DeNAは、常に新しいことに挑み続ける「永久ベンチャー」。ただし、挑戦を重ねていく中では失敗もたくさんあり、特に2016年のキュレーションサイトの問題では、世の中に大きなご迷惑をお掛けしてしまいました。
私が代表取締役に復帰したのは、そうした反省も踏まえ、重要な経営判断を複数の視点で行うことによって、常に社会の信頼に応えられる企業をつくっていきたい、という思いからです。けれども、それは守りに入るという意味ではありません。むしろ、世の中に歓迎されることは前提として、思い切った挑戦をますます加速できるような環境を整えるのが私の役割だと考えています。リスク管理やチェック機能の整備を進めたり、そもそも私たちはどういう価値を世の中に提供していくのかを、より強く意識することも必要です。
DeNAがミッションとして掲げている「Delight and Impact the World」に立ち戻り、我々は誰を喜ばせたいのか、世の中にどんな驚きを与えたいのか、改めて確認し合い、チームの力をさらに引き出していければと考えています。一方で、組織が大きくなればなるほど、皆で同じ方向に熱を持って向かうことが難しくなってくる。そこで最近新たに『Shake Hands制度』というものを導入しました。一言で言えば、社内の部署同士で、人材の引き抜きを奨励する制度です。例えばリーダーは、社内ネットワークやミーティングなどさまざまな場を通じて、自分たちのチームが何を目指しているかを熱くメンバーにプレゼンテーションする。そこに共感した人たちは、自分がそこにどう貢献したいかを事業部長に直接アピールする。お互いのニーズが合致したらShake Hands、がっちり握手をして異動が決まるというものです。人事部も、メンバーが所属する部門の上司も、それを止める権限はありません。

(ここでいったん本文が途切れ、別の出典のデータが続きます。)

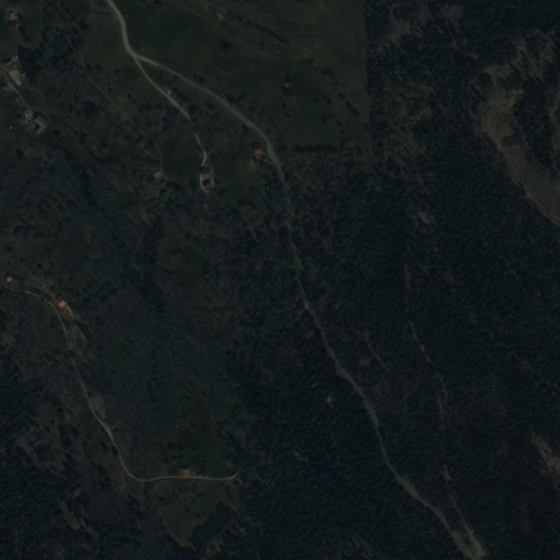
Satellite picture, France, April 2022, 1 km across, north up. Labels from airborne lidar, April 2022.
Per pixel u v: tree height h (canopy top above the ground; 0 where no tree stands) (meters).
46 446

DeNAのリーダーは誰もが優秀だし、情熱を持っているけれど、この制度の下では、それを表に出してもっともっと熱く語っていかなくては、メンバーがどんどん自分の元から去っていってしまうことになります。メンバーは、自分のパッションに従って仕事を選ぶ。リーダーは常に意義のあることをやり続けて、自分のパッションを発信し続ける。「やりたいこと」に向かっている時の人ほど強いものはありませんから、純粋にパッションでつながるチームでなら最大限の成果を上げられるはずです。
私がなぜそこまで新しいことへの挑戦にこだわるかといえば、シンプルに「挑戦する人生の方が面白いから」としか言いようがありません。「ああ、楽しかった」で終わる遊園地での面白さとは違い、本気の仕事からは、ヒリヒリするような痛みと、それ以上の達成感を得られます。とても乗り越えられそうにない高い壁を前に、皆で知恵を出し合って何度も何度もトライして、ようやく突破口を見つけて「ここだ!」と皆で一気に突進していく。そうすると、一人では到底得られないほどの大きな成果を手にすることができるのです。
「安定」や「守り」とは今ある資源を使って現状を維持する、要は引き算の考え方です。しかし、挑戦は新しいものを得る足し算の行為です。挑戦を重ねれば重ねるほど、個人にとっても企業にとってもかけがえのない経験、資源が増えていくと思います。
最近よく「ワークライフバランスを重視したい」と言う人がいますよね。仕事も趣味も完璧にこなしてしまう器用な人も実際にいます。それも本人の人生の選択であり、尊重されるべき生き方です。ただ、ワークとライフを切り分けて考えると、ワークがまるで生活のための苦役のように思えてしまうのではないかというのが私の考え。それはあまりにももったいない気がします。何も人生を仕事中心に考えるべきだと言いたいわけではありません。例えばライフの中でも、家族と過ごす時間を、自分の人生の大切なひとときだと考えるのと、仕方なくやらなくてはいけない「家族サービス」と考えるのと、どちらが幸せでしょうか。同じように、ワークも大切なライフの一部だと考えた方が、より豊かな人生が送れるのではないかと思うのです。
また、人生のある局面においてはアンバランスなほどの集中をすることが、人を大きく成長させることもあります。一流スポーツ選手を見れば分かるように、高い目標を掲げて自分を律し、一つのことをとことん突き詰めた人には、底知れぬ深みと迫力が備わるものです。
若い時にしかできない挑戦もあるので、一つのことに夢中になれるのも、素晴らしいことなんだよと自信を持って伝えたいですね。